Momencik, trwa przetwarzanie danych   loading-animation

piekielni.pl

Pokaż menu
Szukaj

Tak sobie siedzę i czytam o tym wszystkim co się tutaj pojawiło…

Tak sobie siedzę i czytam o tym wszystkim co się tutaj pojawiło od ostatniego czasu... I tak sobie myślę czy i ja nie miałbym tak zupełnie przez przypadek możliwości podzielenia się czymś z wami, moi drodzy.

I okazuje się, że jest kilka "perełek", które uzbierały się na przestrzeni mojego niespełna 21 letniego (życzenia możecie wysyłać 26VI :P) życia. Ale nie mam teraz czasu, bo rano trzeba wstać do pracy więc opiszę wam sytuację, o której opowiadam wszystkim swoim znajomym studentom, którzy mówią jak to oni strasznie trafili na mieszkania i w ogóle... ;)

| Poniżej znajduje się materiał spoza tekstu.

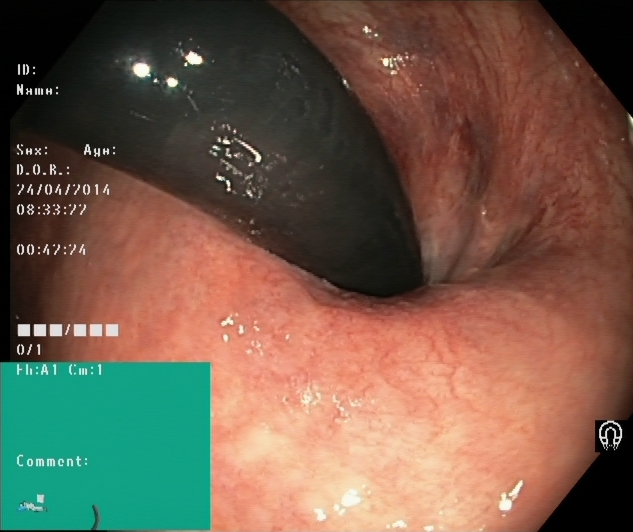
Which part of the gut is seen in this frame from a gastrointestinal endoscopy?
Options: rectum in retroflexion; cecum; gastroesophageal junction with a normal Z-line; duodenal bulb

rectum in retroflexion
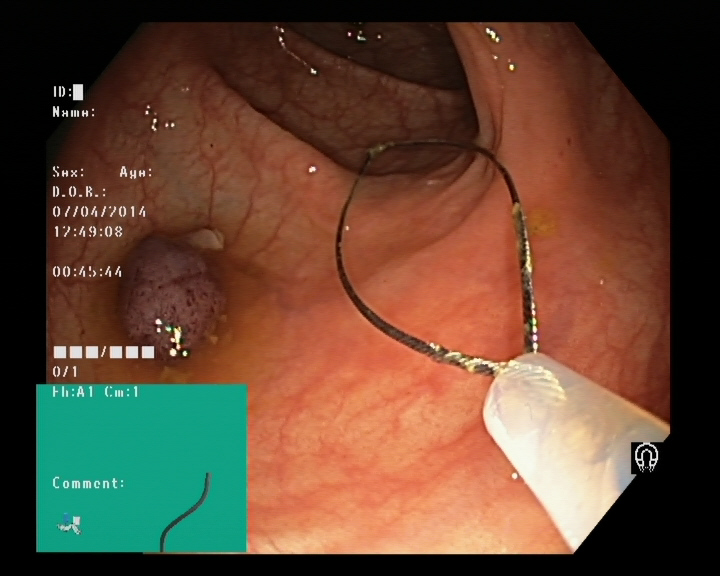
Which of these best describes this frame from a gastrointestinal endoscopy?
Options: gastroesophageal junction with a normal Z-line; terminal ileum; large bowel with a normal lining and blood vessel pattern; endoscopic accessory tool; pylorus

endoscopic accessory tool
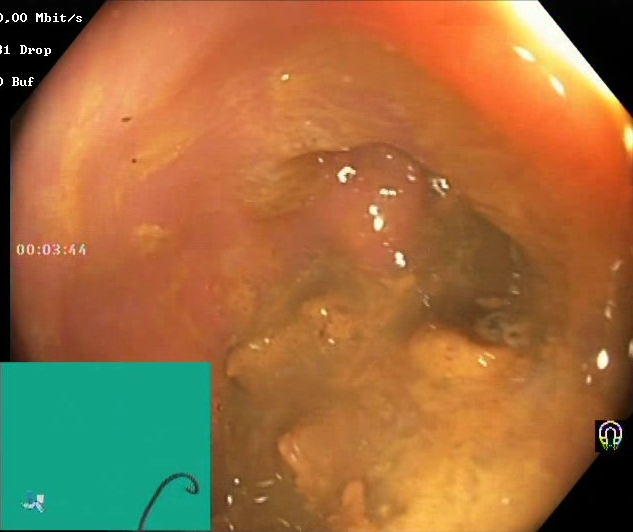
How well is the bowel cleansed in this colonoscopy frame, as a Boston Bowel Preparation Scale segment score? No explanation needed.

Boston Bowel Preparation Scale score 0–1 (inadequate preparation)
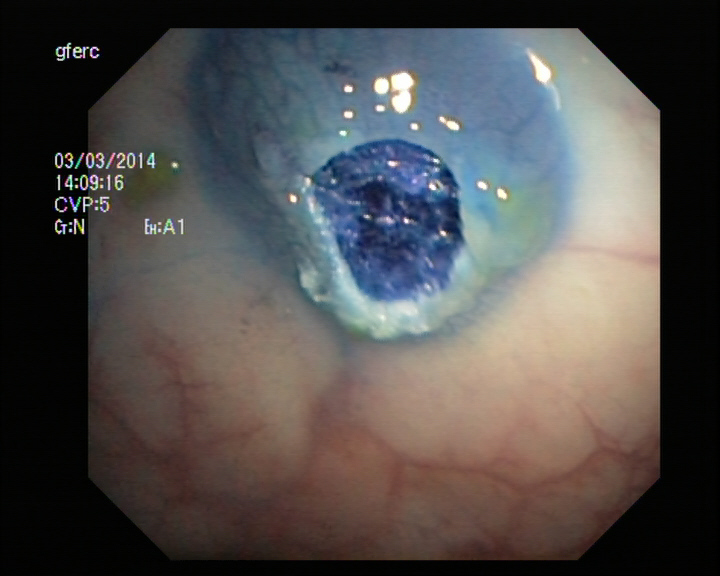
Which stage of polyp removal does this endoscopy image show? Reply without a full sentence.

dyed resection margin (post-polypectomy)
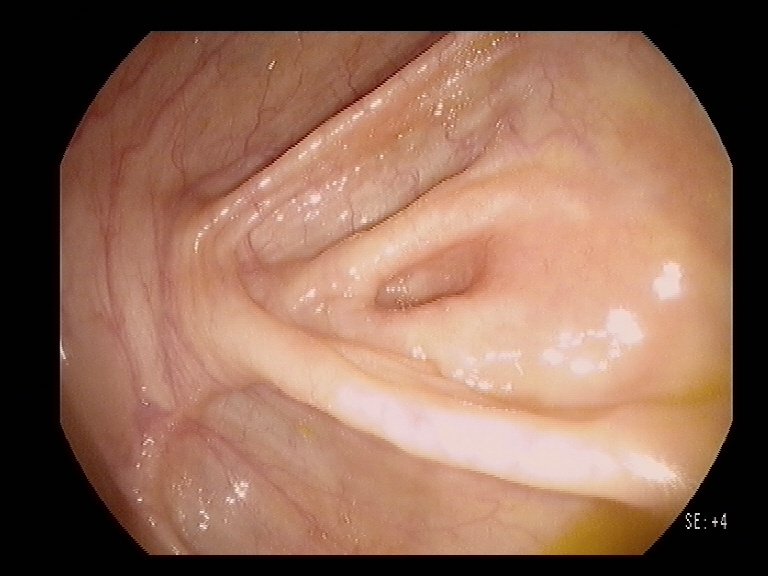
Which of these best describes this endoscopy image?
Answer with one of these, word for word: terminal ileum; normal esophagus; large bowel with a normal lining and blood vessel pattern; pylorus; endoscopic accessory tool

Historia zaczyna się we Wrocławiu, gdzie wystraszony chłopczyna z miejscowości oddalonej o 510km (11h pociągiem - luksusy same! :P) musi stawić czoła wielkiemu miastu, wielkim oczekiwaniom rodziców, wielkiej ciekawości... i kilku innym WIELKIM rzeczom.

Miałem nóż na gardle więc generalnie na wynajem mieszkania zgodziłem się prawie w ciemno, bo widziałem tylko zdjęcia... No ale tutaj akurat pomyłki nie zrobiłem. Mieszkanie było naprawdę w porządku i tutaj większych mankamentów jako lokatorzy nie miewaliśmy. No ale jak to w mieszkaniu wynajmowanym (gdzie były 2 pokoje dwuosobowe z czego w jednym z nich mieszkała para no a drugi pokój to wiadomo ja + KTOŚ) rotacja mieszkających osób była rzeczą nieuniknioną i po wyprowadzce osoby współdzielącej ze mną pokój trzeba było znaleźć kogoś kto wskoczy na jego miejsce LUB zapłacić za cały pokój samemu. No więc do boju! Zacząłem szukać, ludzie nie dzwonili, nie pytali nic... Już myślałem, że się spłuczę gdy nagle pojawia się ONA!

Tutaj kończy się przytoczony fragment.